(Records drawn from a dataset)
· · · · · · ·

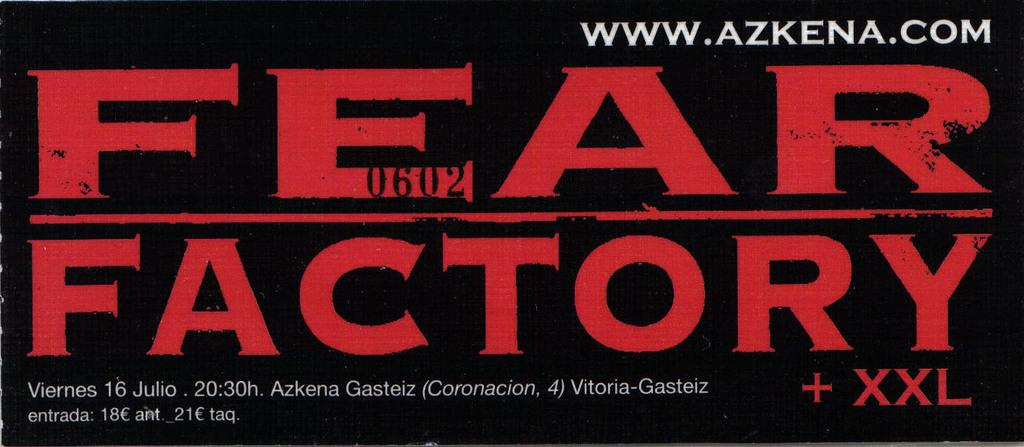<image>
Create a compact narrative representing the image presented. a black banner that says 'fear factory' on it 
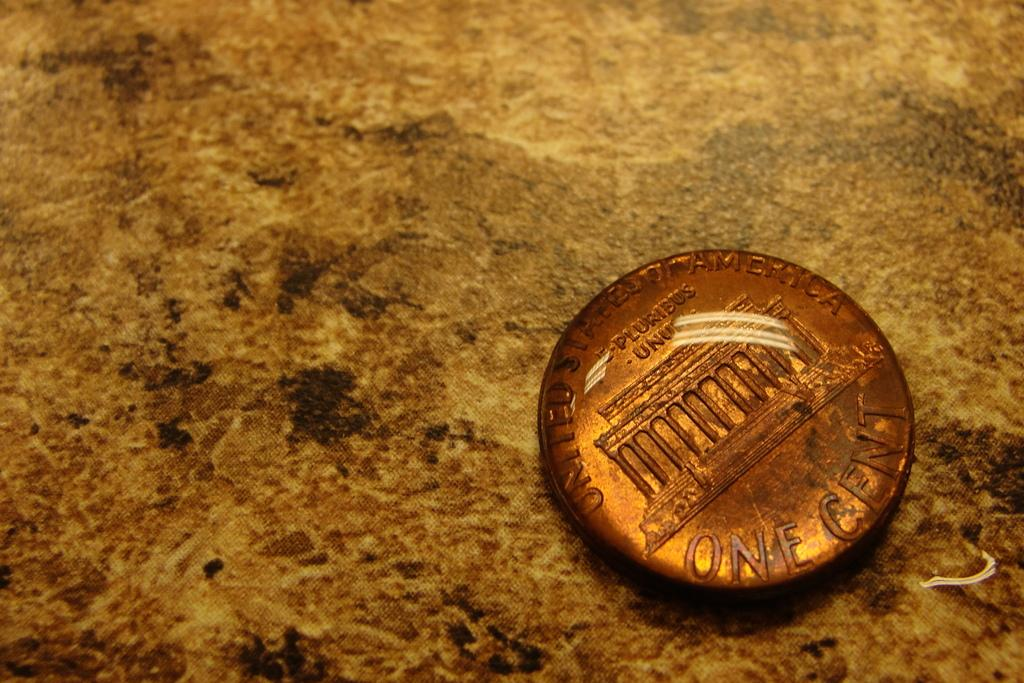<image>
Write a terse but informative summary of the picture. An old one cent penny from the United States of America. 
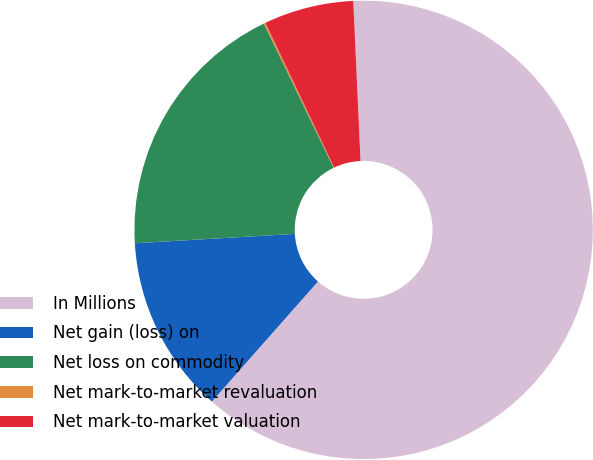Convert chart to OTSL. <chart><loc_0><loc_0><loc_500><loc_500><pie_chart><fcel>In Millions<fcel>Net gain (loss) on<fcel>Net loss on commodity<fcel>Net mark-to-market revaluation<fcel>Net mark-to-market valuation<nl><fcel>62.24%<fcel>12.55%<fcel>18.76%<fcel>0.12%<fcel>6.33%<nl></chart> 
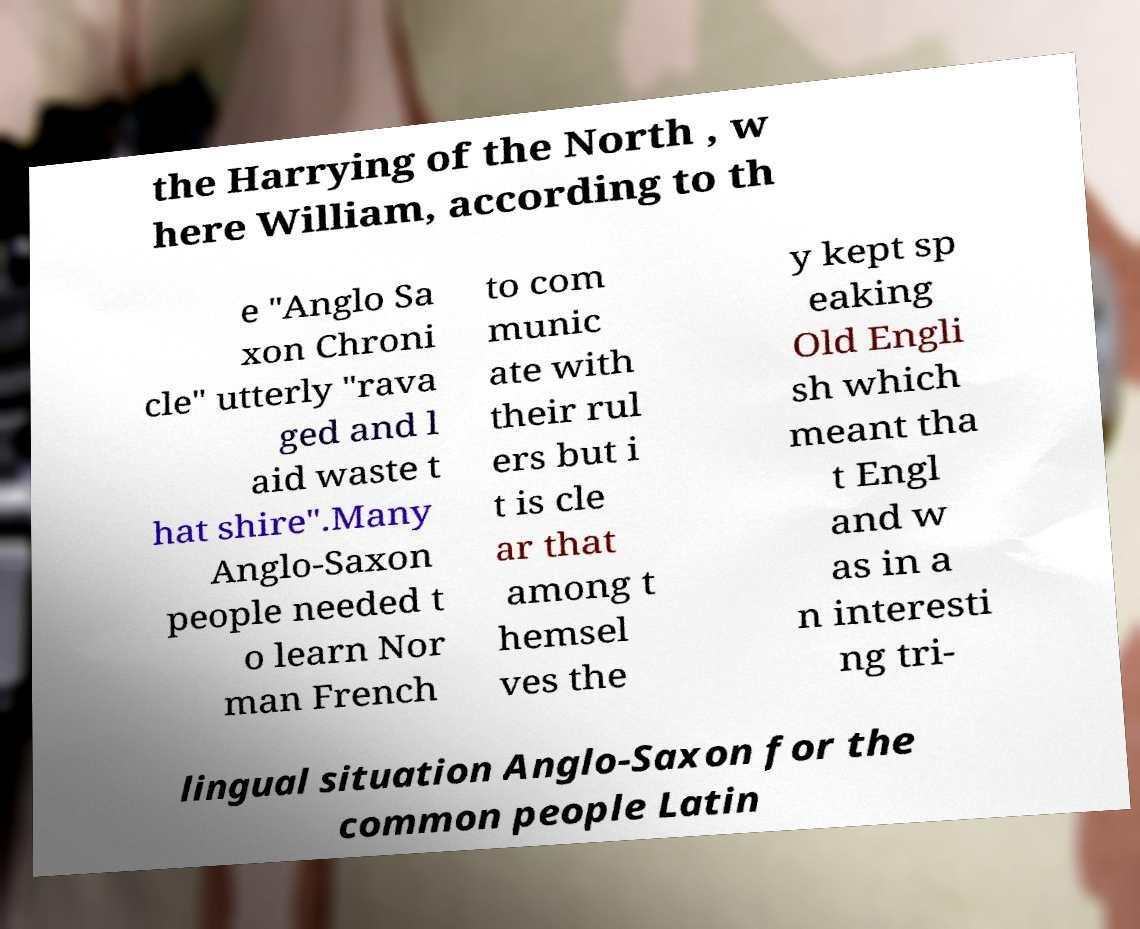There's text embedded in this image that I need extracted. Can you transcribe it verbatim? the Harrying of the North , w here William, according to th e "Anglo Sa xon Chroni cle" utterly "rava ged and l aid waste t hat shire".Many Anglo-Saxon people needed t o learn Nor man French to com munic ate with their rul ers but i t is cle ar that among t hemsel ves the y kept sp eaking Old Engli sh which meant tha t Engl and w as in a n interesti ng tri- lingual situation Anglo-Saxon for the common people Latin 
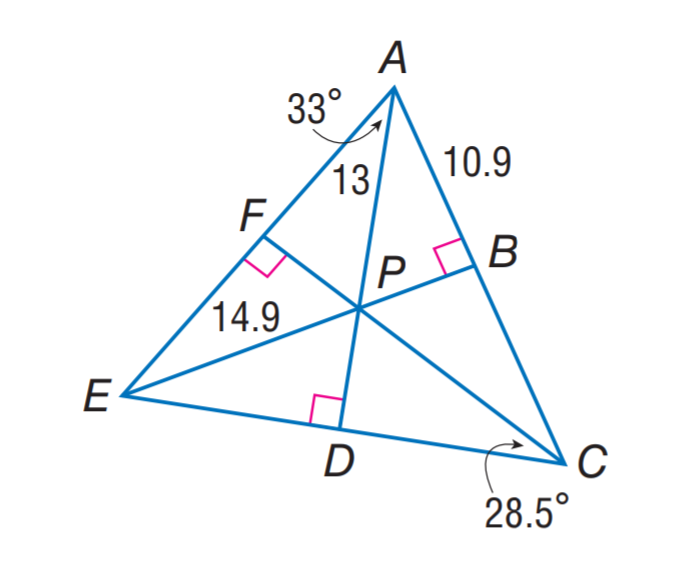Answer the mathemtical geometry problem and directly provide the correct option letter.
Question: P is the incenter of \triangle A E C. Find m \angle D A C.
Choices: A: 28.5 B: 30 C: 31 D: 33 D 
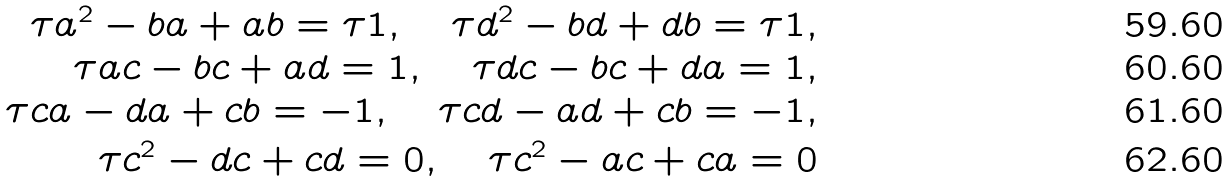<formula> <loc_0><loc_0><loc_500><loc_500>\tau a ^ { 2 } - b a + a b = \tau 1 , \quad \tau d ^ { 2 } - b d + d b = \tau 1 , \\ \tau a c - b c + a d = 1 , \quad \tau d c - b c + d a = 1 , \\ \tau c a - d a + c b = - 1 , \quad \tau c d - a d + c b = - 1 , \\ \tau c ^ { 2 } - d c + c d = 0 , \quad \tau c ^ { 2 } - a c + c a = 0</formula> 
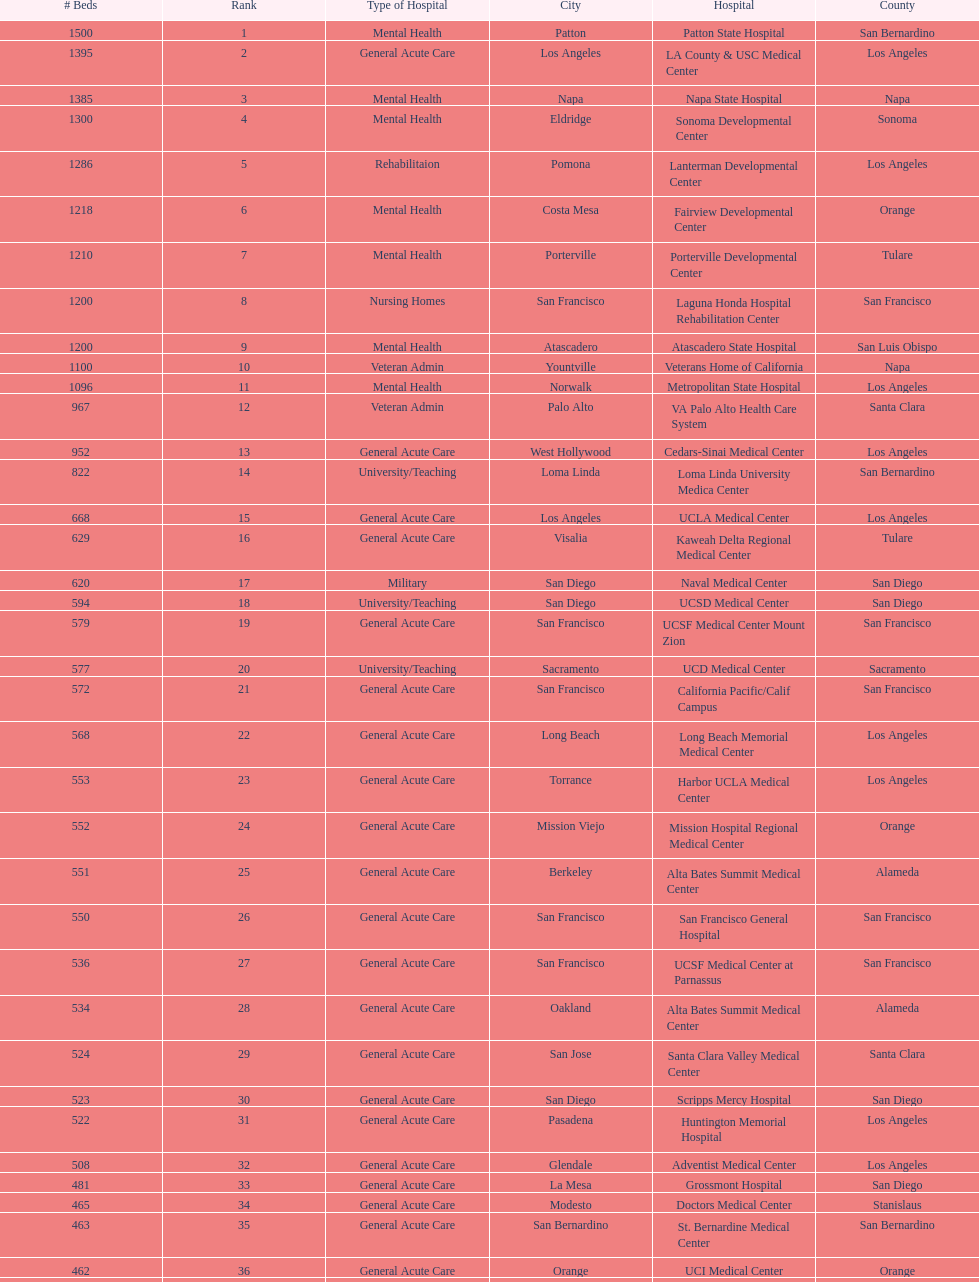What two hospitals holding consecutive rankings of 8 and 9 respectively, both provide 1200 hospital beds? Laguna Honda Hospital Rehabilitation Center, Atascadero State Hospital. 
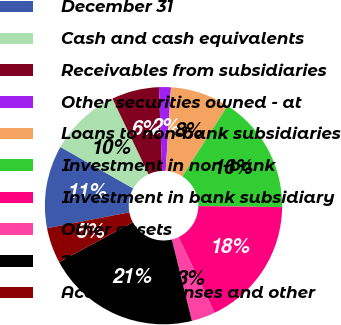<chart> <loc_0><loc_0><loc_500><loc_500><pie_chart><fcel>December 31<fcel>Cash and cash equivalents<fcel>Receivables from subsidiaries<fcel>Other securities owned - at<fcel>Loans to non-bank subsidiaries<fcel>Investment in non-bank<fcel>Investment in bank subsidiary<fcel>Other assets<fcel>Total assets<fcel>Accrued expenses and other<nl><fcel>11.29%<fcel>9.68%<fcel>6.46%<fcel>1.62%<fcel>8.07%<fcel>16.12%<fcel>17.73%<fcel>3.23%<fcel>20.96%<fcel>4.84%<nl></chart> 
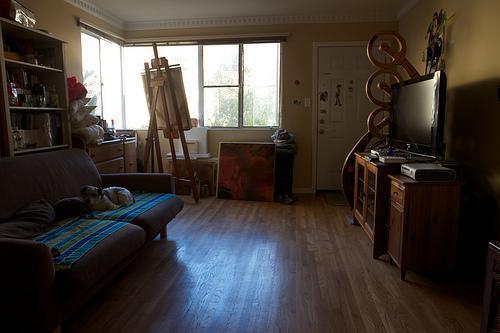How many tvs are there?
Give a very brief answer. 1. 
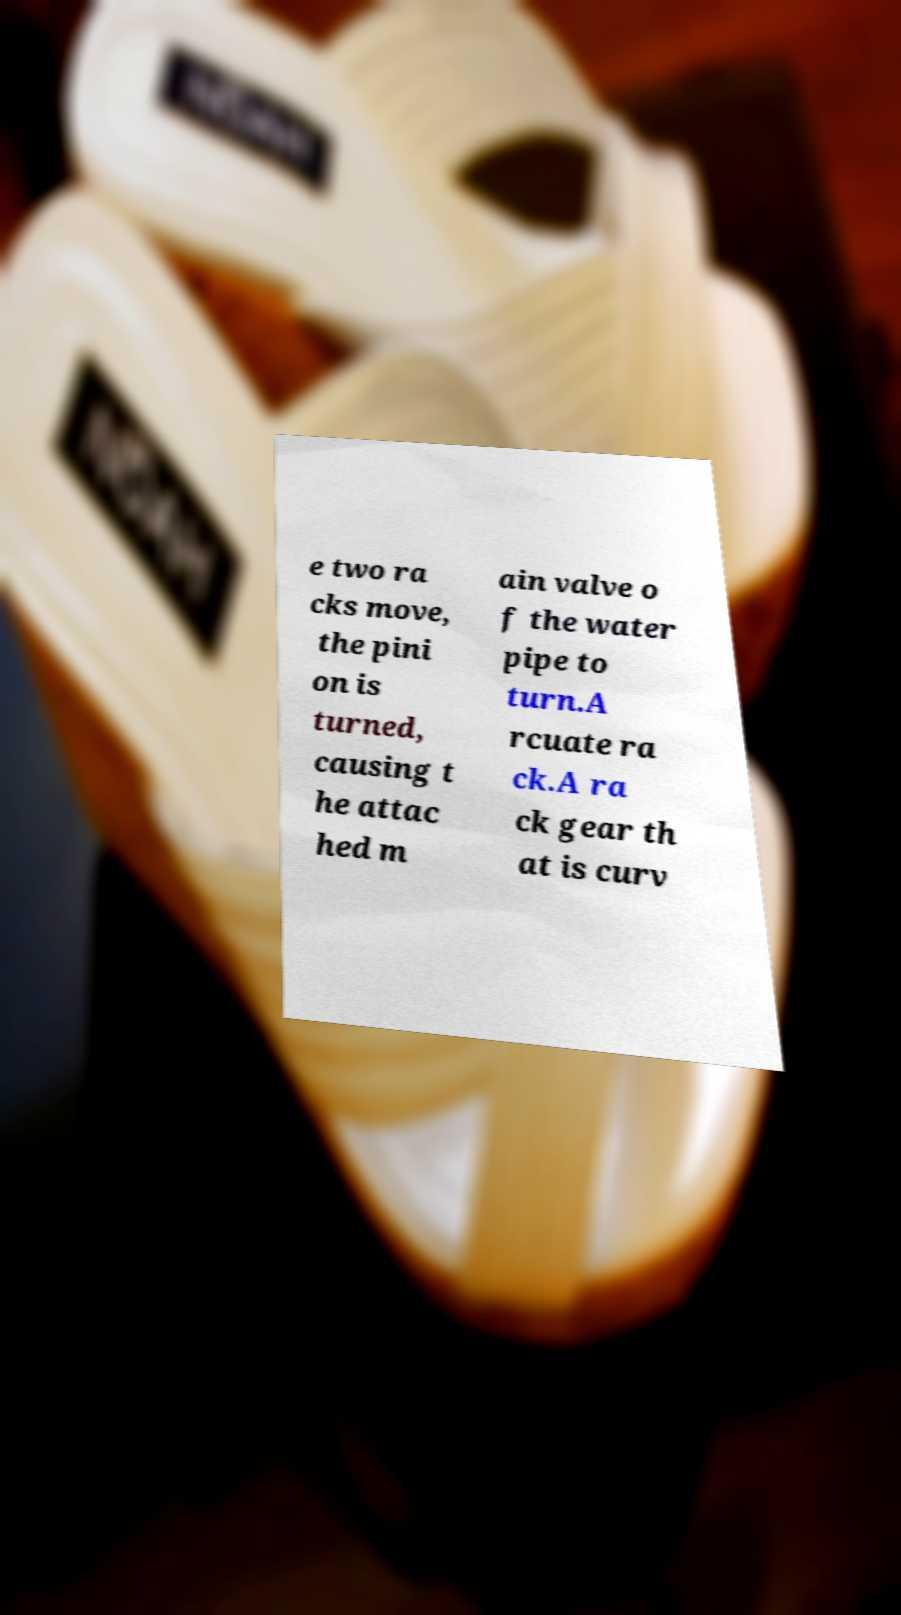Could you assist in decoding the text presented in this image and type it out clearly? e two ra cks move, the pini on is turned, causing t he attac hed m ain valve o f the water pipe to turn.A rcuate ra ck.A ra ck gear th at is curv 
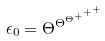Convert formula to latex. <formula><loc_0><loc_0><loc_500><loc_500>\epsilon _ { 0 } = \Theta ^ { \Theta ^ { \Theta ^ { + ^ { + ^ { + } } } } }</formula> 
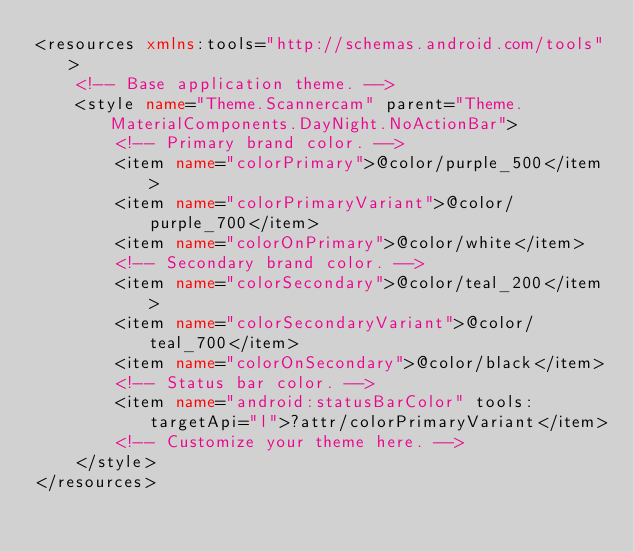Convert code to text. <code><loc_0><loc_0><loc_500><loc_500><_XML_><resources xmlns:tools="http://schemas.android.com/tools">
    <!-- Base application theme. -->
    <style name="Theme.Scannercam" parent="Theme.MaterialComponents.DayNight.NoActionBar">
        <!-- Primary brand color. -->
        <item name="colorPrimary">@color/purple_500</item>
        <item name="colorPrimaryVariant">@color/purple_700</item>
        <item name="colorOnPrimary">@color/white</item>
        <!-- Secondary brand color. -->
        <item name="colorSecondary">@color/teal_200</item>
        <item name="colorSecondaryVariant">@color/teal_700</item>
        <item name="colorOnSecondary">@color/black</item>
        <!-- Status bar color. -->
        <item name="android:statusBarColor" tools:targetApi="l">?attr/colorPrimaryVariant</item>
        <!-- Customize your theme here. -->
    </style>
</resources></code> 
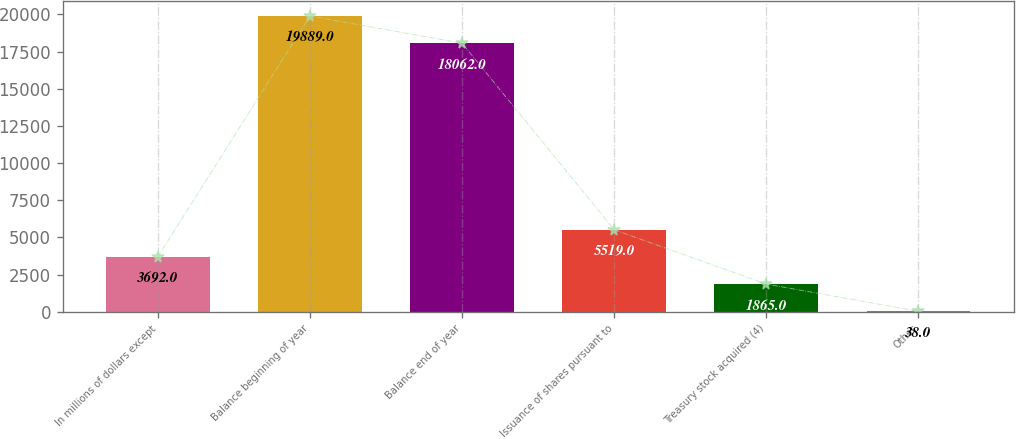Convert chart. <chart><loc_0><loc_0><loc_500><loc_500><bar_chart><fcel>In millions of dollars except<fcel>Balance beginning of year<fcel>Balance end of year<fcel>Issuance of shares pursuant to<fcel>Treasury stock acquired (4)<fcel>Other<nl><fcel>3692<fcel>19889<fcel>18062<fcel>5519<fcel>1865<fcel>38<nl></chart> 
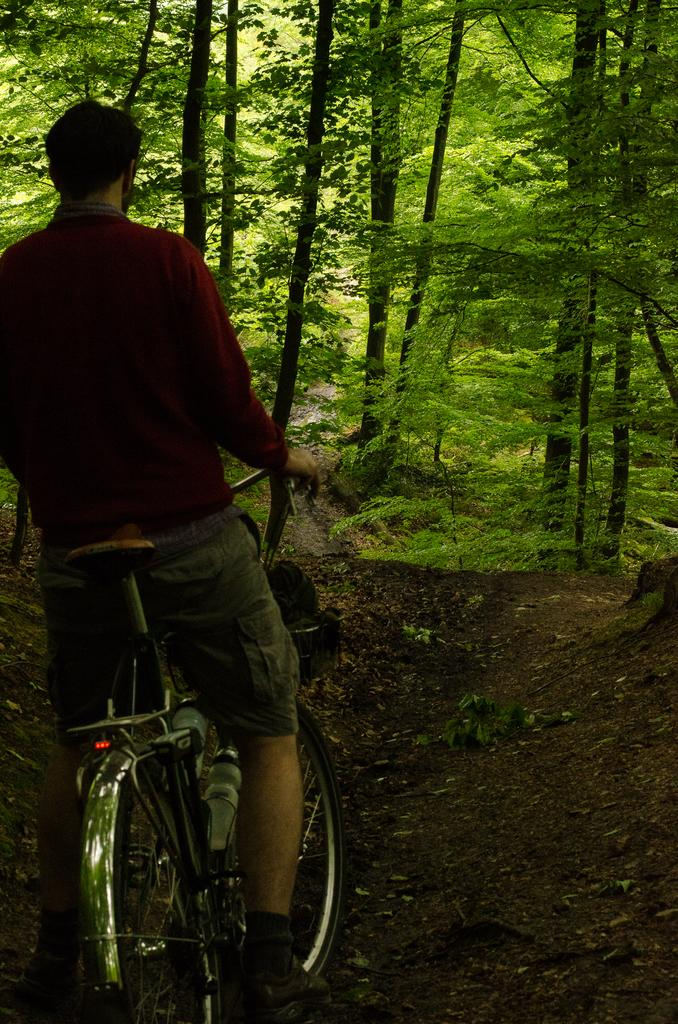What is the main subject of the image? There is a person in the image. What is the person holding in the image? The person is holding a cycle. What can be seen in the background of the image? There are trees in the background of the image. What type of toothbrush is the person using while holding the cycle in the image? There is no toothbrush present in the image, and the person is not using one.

· · · · · · ·

> [Problem requirements]: Leave the images aside and transcribe all entries exactly.

> [Response]:
<image>
Create a compact narrative representing the image presented. a black banner that says 'fear factory' on it 
<image>
Write a terse but informative summary of the picture. An old one cent penny from the United States of America. 
Convert chart to OTSL. <chart><loc_0><loc_0><loc_500><loc_500><pie_chart><fcel>In Millions<fcel>Net gain (loss) on<fcel>Net loss on commodity<fcel>Net mark-to-market revaluation<fcel>Net mark-to-market valuation<nl><fcel>62.24%<fcel>12.55%<fcel>18.76%<fcel>0.12%<fcel>6.33%<nl></chart> 
There's text embedded in this image that I need extracted. Can you transcribe it verbatim? the Harrying of the North , w here William, according to th e "Anglo Sa xon Chroni cle" utterly "rava ged and l aid waste t hat shire".Many Anglo-Saxon people needed t o learn Nor man French to com munic ate with their rul ers but i t is cle ar that among t hemsel ves the y kept sp eaking Old Engli sh which meant tha t Engl and w as in a n interesti ng tri- lingual situation Anglo-Saxon for the common people Latin 
Answer the mathemtical geometry problem and directly provide the correct option letter.
Question: P is the incenter of \triangle A E C. Find m \angle D A C.
Choices: A: 28.5 B: 30 C: 31 D: 33 D 
<formula> <loc_0><loc_0><loc_500><loc_500>\tau a ^ { 2 } - b a + a b = \tau 1 , \quad \tau d ^ { 2 } - b d + d b = \tau 1 , \\ \tau a c - b c + a d = 1 , \quad \tau d c - b c + d a = 1 , \\ \tau c a - d a + c b = - 1 , \quad \tau c d - a d + c b = - 1 , \\ \tau c ^ { 2 } - d c + c d = 0 , \quad \tau c ^ { 2 } - a c + c a = 0</formula> 
What two hospitals holding consecutive rankings of 8 and 9 respectively, both provide 1200 hospital beds? Laguna Honda Hospital Rehabilitation Center, Atascadero State Hospital. 
<chart> <loc_0><loc_0><loc_500><loc_500><pie_chart><fcel>December 31<fcel>Cash and cash equivalents<fcel>Receivables from subsidiaries<fcel>Other securities owned - at<fcel>Loans to non-bank subsidiaries<fcel>Investment in non-bank<fcel>Investment in bank subsidiary<fcel>Other assets<fcel>Total assets<fcel>Accrued expenses and other<nl><fcel>11.29%<fcel>9.68%<fcel>6.46%<fcel>1.62%<fcel>8.07%<fcel>16.12%<fcel>17.73%<fcel>3.23%<fcel>20.96%<fcel>4.84%<nl></chart> 
How many tvs are there?
Give a very brief answer. 1. 
Could you assist in decoding the text presented in this image and type it out clearly? e two ra cks move, the pini on is turned, causing t he attac hed m ain valve o f the water pipe to turn.A rcuate ra ck.A ra ck gear th at is curv 
Convert formula to latex. <formula><loc_0><loc_0><loc_500><loc_500>\epsilon _ { 0 } = \Theta ^ { \Theta ^ { \Theta ^ { + ^ { + ^ { + } } } } }</formula> 
Convert code to text. <code><loc_0><loc_0><loc_500><loc_500><_XML_><resources xmlns:tools="http://schemas.android.com/tools">
    <!-- Base application theme. -->
    <style name="Theme.Scannercam" parent="Theme.MaterialComponents.DayNight.NoActionBar">
        <!-- Primary brand color. -->
        <item name="colorPrimary">@color/purple_500</item>
        <item name="colorPrimaryVariant">@color/purple_700</item>
        <item name="colorOnPrimary">@color/white</item>
        <!-- Secondary brand color. -->
        <item name="colorSecondary">@color/teal_200</item>
        <item name="colorSecondaryVariant">@color/teal_700</item>
        <item name="colorOnSecondary">@color/black</item>
        <!-- Status bar color. -->
        <item name="android:statusBarColor" tools:targetApi="l">?attr/colorPrimaryVariant</item>
        <!-- Customize your theme here. -->
    </style>
</resources></code> 
Convert chart. <chart><loc_0><loc_0><loc_500><loc_500><bar_chart><fcel>In millions of dollars except<fcel>Balance beginning of year<fcel>Balance end of year<fcel>Issuance of shares pursuant to<fcel>Treasury stock acquired (4)<fcel>Other<nl><fcel>3692<fcel>19889<fcel>18062<fcel>5519<fcel>1865<fcel>38<nl></chart> 
What is the main subject of the image? There is a person in the image. What is the person holding in the image? The person is holding a cycle. What can be seen in the background of the image? There are trees in the background of the image. What type of toothbrush is the person using while holding the cycle in the image? There is no toothbrush present in the image, and the person is not using one.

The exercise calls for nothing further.